# Fitting In in College



## Evergreen (Feb 15, 2012)

Hey, I'm a freshman in college and I'm having a really hard time fitting in. People generally like me, a lot of random people come up to me telling me they think I look cool or pretty (I dress kinda artsy and out-there) but it's hard for me to actually become friends with anybody. People tell me all the time that I look like I'm always happy and ask me if I ever get upset, but they have no idea that I call my parents and friends from home crying a few times a week because I feel so socially isolated. And even when I am around other people, I still usually feel alone. I feel disconnected from most people here, like nobody here understands me. A big part of this is also because I don't party or drink. I think another part of it is that in middle school and high school I had a lot of issues I was dealing with outside of school while working really hard to get good grades and I had a few close friends and that was all I really needed, so I feel like I never really developed socially because it was never something that mattered much to me. I'm afraid to initiate conversations with other people sometimes and I feel totally clueless as to how to make friends or what to say or do. I always thought things would fall into place naturally for me, and they seem like they are falling into place for everyone around me, but just not me even though I feel like I'm trying so hard. I'm part of lots of clubs which is good for meeting people, but I'm unable to really become friends with any of them, or the people I do meet and who do express an interest in befriending me usually annoy me for some reason and I don't even know why, because usually they're very nice people. It's just, I feel like everyone around me is artificial and fake, and like I'm the only one who's real.


----------



## aanner (Jun 20, 2011)

hello! sorry I'm on my iPod so I can't remember everything you wrote, but I thought id relate. I'm a freshman in college too, and basically friendless. I know 1 person but that's it. Im not a partier or a drinker either, I think it's dumb and pretty pointless. I do feel disconnected from people and annoyed. It's like, if they try to befriend me, 75% of the time im just like, okay what's wrong with them?? why are they being so nice to ME?? I distance myself from any potential friend because I don't know.... I just feel they're weird when they're most likely a perfectly normal, awesome person. I just can't connect a lot of times and it sucks because I want to. I really do. 

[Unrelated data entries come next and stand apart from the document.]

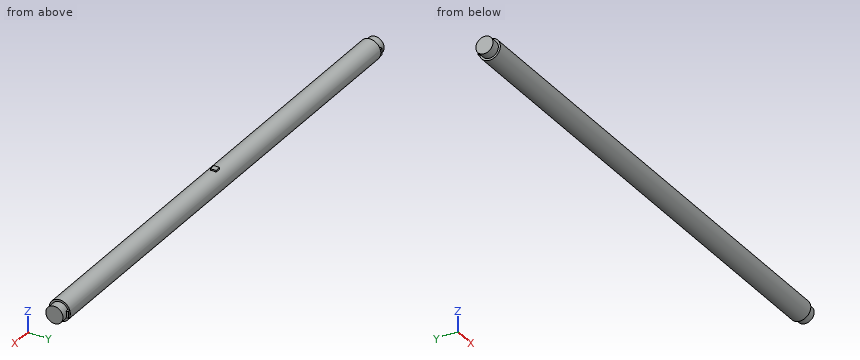
from build123d import *

# Parameters (mm, degrees)
BOSS_EXTRUDE1_REACH      = 994.465
BOSS_EXTRUDE1_END_RADIUS = 40
SKETCH4_W                = 22.36
SKETCH4_H                = 22
BOSS_EXTRUDE2_DEPTH      = 10


with BuildPart() as part:
    # Sketch1 → Revolve1 (revolve)
    with BuildSketch(Plane.XY):
        Polygon((-988, 0), (-988, 32.5), (-955, 32.5), (-955, 40), (955, 40), (955, 32.5), (988, 32.5), (988, 0), align=None)
    revolve(axis=Axis((988, 0, 0), (-1, 0, 0)))

    # Boss-Extrude1: up to this cylinder (the profile starts outside it)
    boss_extrude1_end = Plane(origin=(0, 0, 0), z_dir=(1, 0, 0)) * Cylinder(BOSS_EXTRUDE1_END_RADIUS, 2069.93, mode=Mode.PRIVATE)
    # Sketch4 → Boss-Extrude1 (add, up to the surface)
    with BuildSketch(Plane.XY.offset(45.1), mode=Mode.PRIVATE) as boss_extrude1_sk1:
        Rectangle(SKETCH4_W, SKETCH4_H)
    boss_extrude1_tool1 = extrude(boss_extrude1_sk1.sketch, amount=-BOSS_EXTRUDE1_REACH, mode=Mode.PRIVATE) - boss_extrude1_end
    add(boss_extrude1_tool1.solids().sort_by_distance((0, 0, 45.1))[0])

    # Sketch5 → Boss-Extrude2 (add)
    with BuildSketch(Plane.ZY.offset(955)):
        with BuildLine():
            Line((-12.5, 30), (-12.5, 39.13))
            Line((-12.5, 39.13), (12.5, 39.13))
            Line((12.5, 39.13), (12.5, 30))
            ThreePointArc((12.5, 30), (0, 32.5), (-12.5, 30))
        make_face()
    boss_extrude2 = extrude(amount=BOSS_EXTRUDE2_DEPTH)

    # Mirror1: Boss-Extrude2 across plane
    add(boss_extrude2.mirror(Plane.ZY))


solid = part.part
Source: CAD feature listing. Evaluate the final solid. Frame: model axes, mm. Round coordinates to 2 decimals unless told otherwise and drop trailing zeros. Order: outer loops, then holes, each group sorted by start corner. A loop starts at its lowest first (then second) coordinate and runs counter-clockwise, first axis right, second up. Notation, with made-up numbers: (-13.5, 8.5) - (30.5, 8.5) arc R19 ccw to (30.5, 19.5) - close; hole circle Ø8 at (-13.5, 53). An arc over 180 degrees is marked (long way). Use a Markdown table: item, result. Add a question column.
1. Line query: probe 1 along X at (y, z) = (6.5, 42); probe 2 along Z at (x, y) = (-573, -23.5); probe 3 along Z at (x, y) = (888.5, -2.5). Output: solid intervals per line, ascending.
2. Section query A-A (x = -644.5). Return the cut outline in (y, z), then the cut area to 3 significant figures.
3. First-contact query: pin 1 (6 mm diameter, centred on x = 721, y = -17.5, fed in from +Z); pin 2 (0.9 mm diameter, centred on y = 38.5, z = 10, fed in from -X); pin 3 (10 mm diameter, centred on x = -960.5, y = 33, fed in from +Z). Flat tips, straight axial feed; report the tip coordinate or a pass-through.
Derived:
| question | item | result |
|---|---|---|
| 1 | probe 1 | -11.18 to 11.18 |
| 1 | probe 2 | -32.37 to 32.37 |
| 1 | probe 3 | -39.92 to 39.92 |
| 2 | outline | circle Ø80 at (0, 0) |
| 2 | area | 5,030 mm2 |
| 3 | pin 1 | z = 37.28 |
| 3 | pin 2 | x = -965 |
| 3 | pin 3 | z = 16.5 |

I feel like a lot of people are fake too, and I'm the only real, raw, honest, logical person in the room. Everyone else just wants to party, gossip, be fake nice to eachother, and I don't get it. Why can't you just be yourself and real? Blehh


----------



## nycdude (Mar 20, 2010)

Man, i'm so nervous. I start my 2nd year of college next friday. Haven't been to school since last summer.


----------



## diversus (Feb 18, 2012)

Hey, you are pretty much the opposite gender version of me.
I'm a freshman in college, I've been told I'm good looking, but when I go to parties It's always the guys who look like they're desperate for a go get the girls, who are also desperate. I'm intelligent, and funny, and people do try to make me go out sometimes. I do clubs and stuff too, but I just don't feel like I fit in with most of the "college" scene. The guys are all "bros", and they just rate all the girls and talk about getting wasted. The girls are insane towards one-another, it's like high school all over again. They seem to have the low self-esteem, so to feel better they try to make themselves look better or more desirable. I think in the end, no matter how different we feel, we're pretty much the same; the in-crowd is worried about staying accepted, and they feel a bit more relaxed to have a crowd. Those of us that feel isolated are afraid that we're not accepted. We all fear the same thing. People don't really reject "you", they just do whatever they can to make sure others don't reject them, even it if means being snooty.
Everybody sees the world differently. If you grabbed your two best friends, I'd bet good money that if you spend a day in their heads, they would each see you differently, because you are a different "character" in everybody's "movie" of life. To some you are the roommate, to others, the person in the hall they occasionally see. To some guy/girl, we may the person they really wish they could talk to but are too shy, so they give up or feel down and come off as snooty, but we have to accept that sometimes we make up what others' think. There's nothing wrong with you, absolutely not! Just relax. Look up the book "The four agreements". It's very cheap, relatively short, and incredibly written. My sister recommended it to me, and it's perfect. It changed a lot of things, the way I see MY world.


----------



## Kissadilla (Feb 12, 2012)

I feel the very same way.  I feel totally isolated and everyone my age seems so artificial and self absorbed. I would say find your passions in life and stick with em. Feeling productive like that definitely helps! 

Diversus, that definitely is a must read. So simple, but so empowering.


----------



## InMyDreams55 (Apr 1, 2011)

Add me to the list! I'm having trouble "fitting in" as well. You'd think the awkwardness of "fitting in" would die after high school. But no....it lives on. :roll

I just started my first semester at a completely new school. I don't smoke(weed or cigs) or drink either, so it's gonna be hard finding my niche. Making new friends is hard. But i am optimistic that it will get better...


----------



## Ashley2157 (Mar 4, 2012)

Hey you're definitely not alone. I'm in my senior year of college and I honestly don't have any people I'd truly consider friends upon leaving. I live with my best friend, but I've known her since 5th grade. She's the primary reason I'm not dying of loneliness. I don't have any awesome advice on how to make friends, I just wanted to let you know you aren't alone. Sometimes that really makes a difference. It sounds to me like you are trying pretty hard to fix your problem, and you have plenty of time to do so still. Best of luck ;-), I'm sure things will get better with time and determination


----------



## PulchritudinousDemise (Dec 7, 2011)

This sounds just like me. I find it difficult to fit in especially because I commute everyday & I live w/ a strict dad so I cant even party if I wanted to. But luckily (or sadly) I'm becoming accustomed to enjoying my own company & entertaining myself and I just keep hope that ill get enough money to stay on campus one day.


----------